◆ Goal of the exercise ◆
From the entries below, copy out every line with "this" in it.

◆ Listed records ◆
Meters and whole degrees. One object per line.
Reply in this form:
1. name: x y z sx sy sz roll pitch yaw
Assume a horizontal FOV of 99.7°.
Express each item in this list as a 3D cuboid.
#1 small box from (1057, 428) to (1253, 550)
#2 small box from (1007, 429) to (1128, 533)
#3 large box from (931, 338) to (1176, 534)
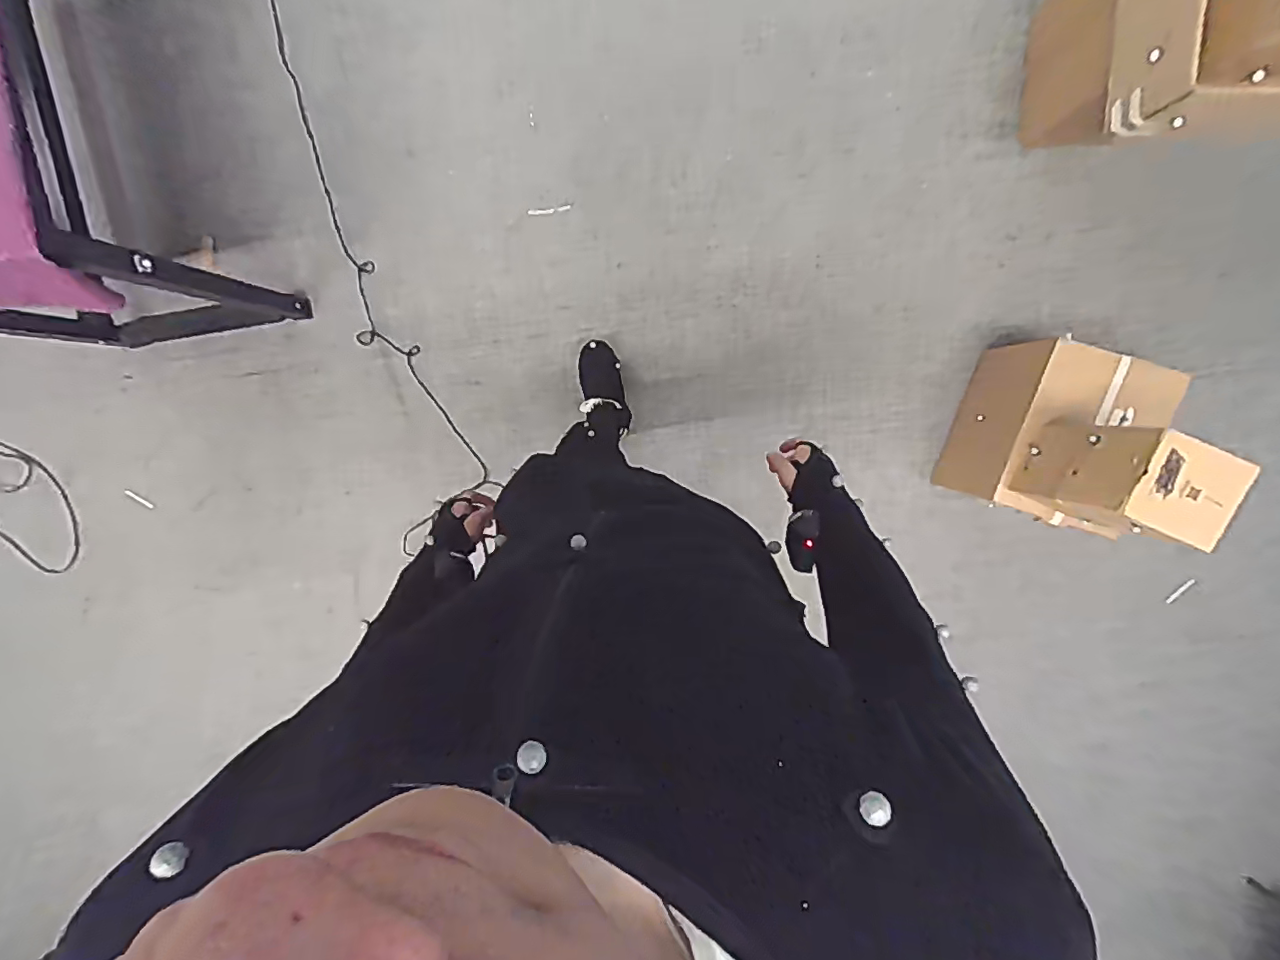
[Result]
==
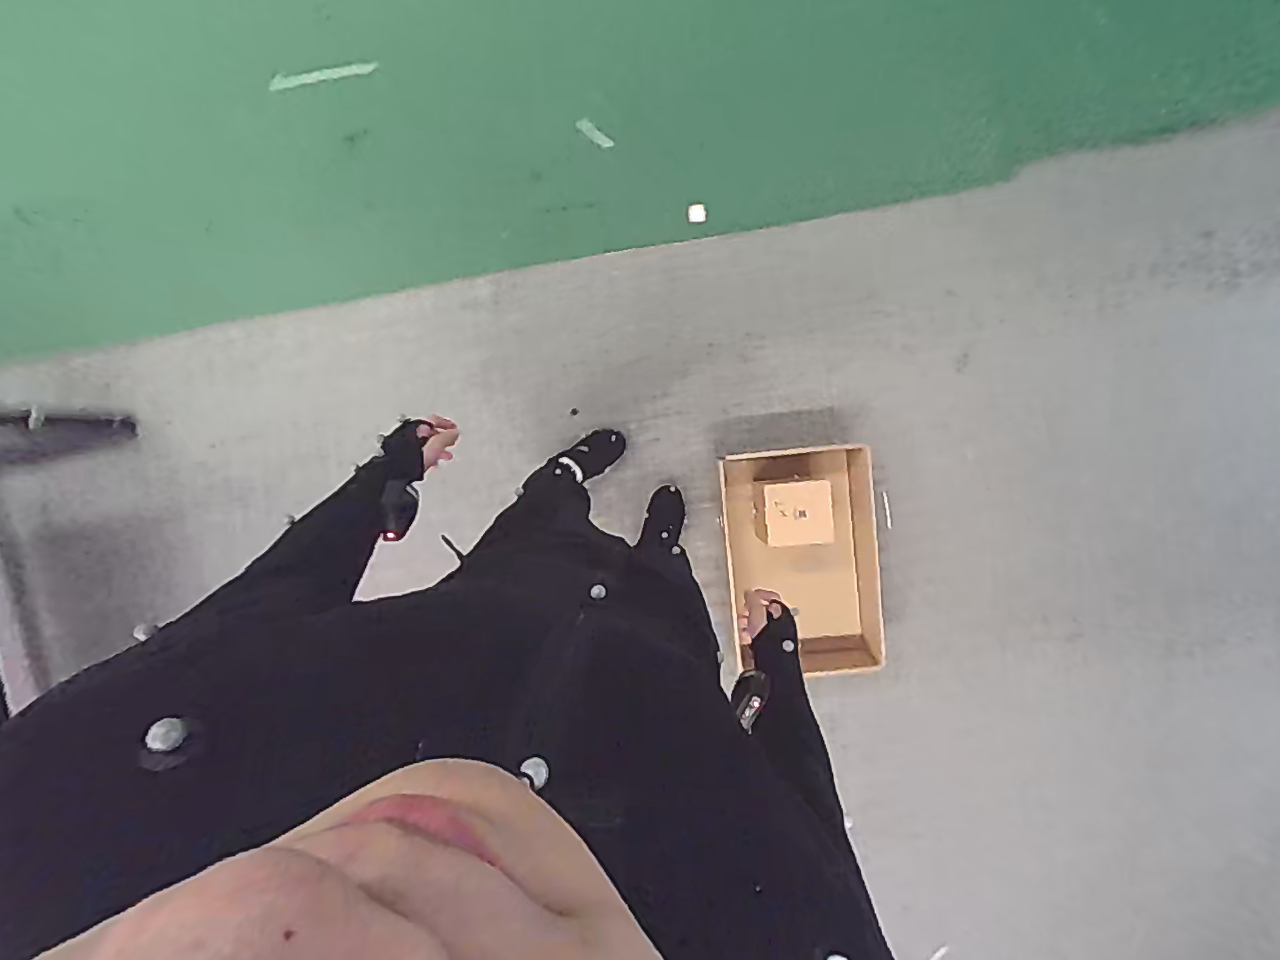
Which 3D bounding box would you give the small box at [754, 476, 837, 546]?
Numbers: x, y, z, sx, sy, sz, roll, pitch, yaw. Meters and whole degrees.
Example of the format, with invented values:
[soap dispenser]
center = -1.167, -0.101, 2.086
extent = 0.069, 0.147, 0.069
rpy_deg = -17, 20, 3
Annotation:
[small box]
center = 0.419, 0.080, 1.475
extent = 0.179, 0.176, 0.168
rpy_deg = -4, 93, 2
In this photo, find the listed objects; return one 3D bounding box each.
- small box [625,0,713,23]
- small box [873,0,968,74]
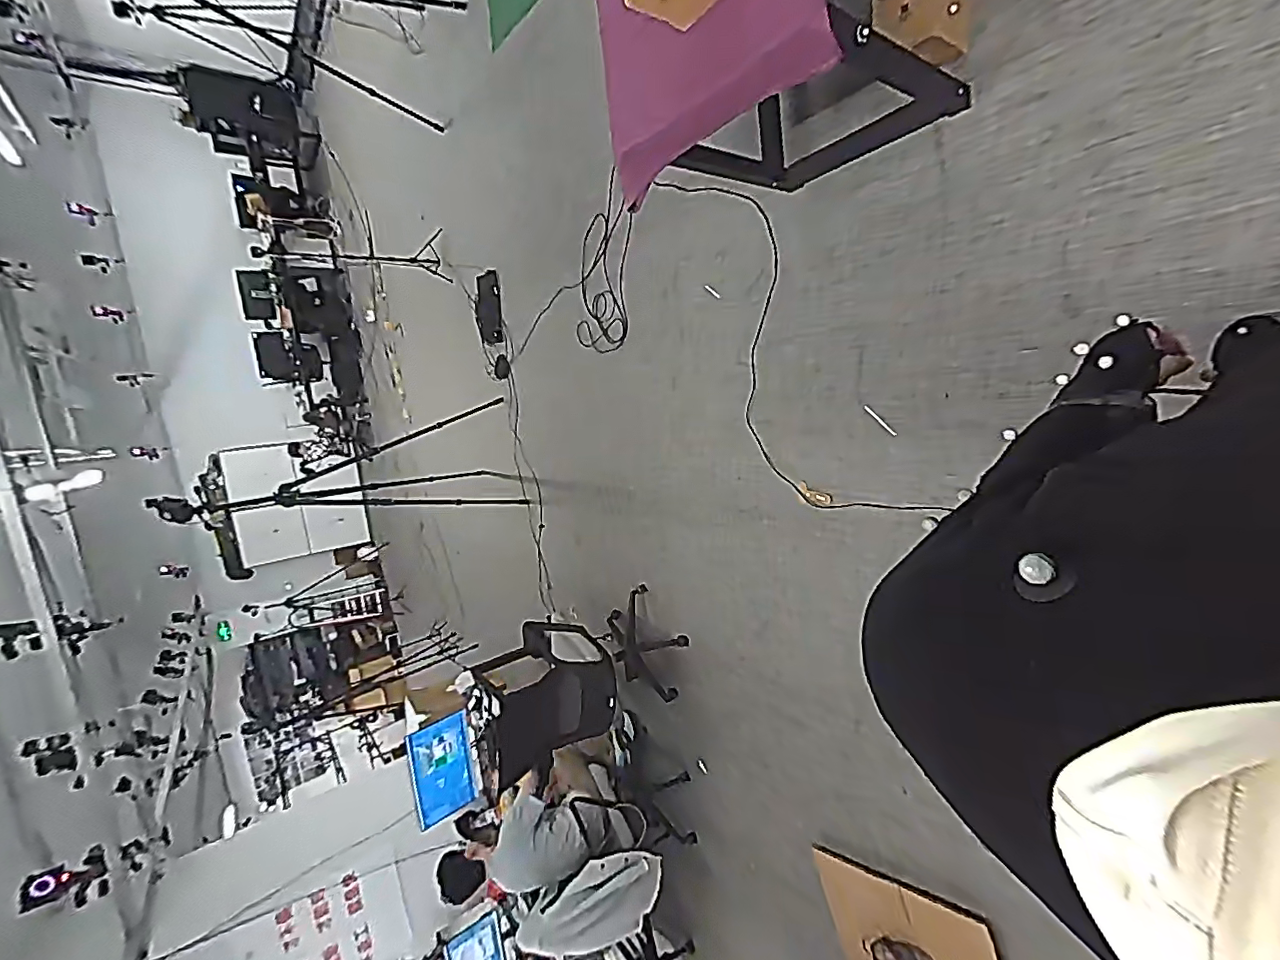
---
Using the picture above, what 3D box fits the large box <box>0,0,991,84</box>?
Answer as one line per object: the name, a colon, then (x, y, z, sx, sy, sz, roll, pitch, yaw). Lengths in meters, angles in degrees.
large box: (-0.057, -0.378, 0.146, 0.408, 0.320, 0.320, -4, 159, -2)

◆ Exercise result ◆
Reply in this form:
Express each item in this list as a 3D cuboid.
In this photo, find the listed objects; return one 3D bounding box each.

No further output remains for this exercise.